Question

A wooden box weighing 150 N is sliding at a constant rate over a concrete sidewalk. The force required to pull the box at a steady rate is 78 N. What is the coefficient of friction?

1.9
228
72
0.52

Answer 1

78 also then equals the force of friction (steady rate, so sum of F = 0) Ffr = mu*Fn. Normal force = weight for this box = 150. mu = 78/150 = 0.52

Answer 2

0.52

Step-by-step explanation:

The box is moving at constant velocity along the horizontal direction: this means that its acceleration is zero. According to Newton's second law:

`F_(net)=ma=0`

where
`F_(net)` is the net force acting on the object, m its mass, and a its acceleration, since the acceleration is zero, then the net force must be zero as well.

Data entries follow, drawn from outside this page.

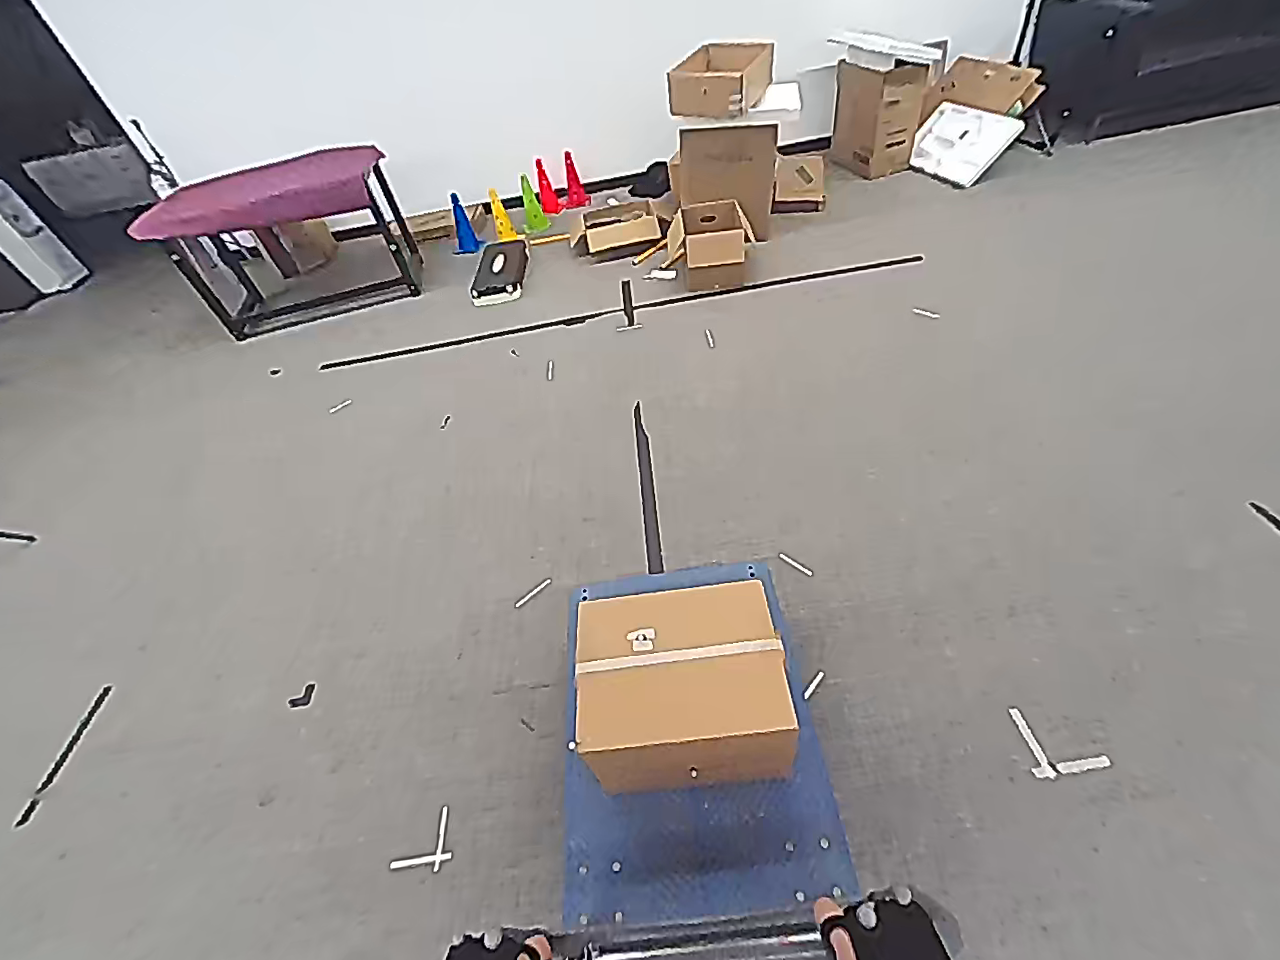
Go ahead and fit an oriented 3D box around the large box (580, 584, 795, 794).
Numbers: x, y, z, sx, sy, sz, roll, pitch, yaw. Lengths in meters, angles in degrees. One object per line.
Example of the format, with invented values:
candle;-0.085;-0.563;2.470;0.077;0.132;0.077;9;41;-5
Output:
large box;0.099;0.469;1.198;0.408;0.320;0.320;-9;45;4

There are in total 4 forces acting on the box:

- along the vertical direction: the weight of the box (downward), given by
`W=150 N`, and the normal reaction of the floor on the box (upward),
`N`

- along the horizontal direction: the force that pulls the box,
`F=78 N`, and the frictional force, which is given by
`\mu N`, in the opposite direction

Since the net force is zero, the resultant on each direction must be zero. In the vertical direction we have:

`W-N=0\\N=W=150 N`

While in the horizontal direction we have

`F-\mu N=0\\\mu=(F)/(N)=(78 N)/(150 N)=0.52`

So, the coefficient of friction is 0.52.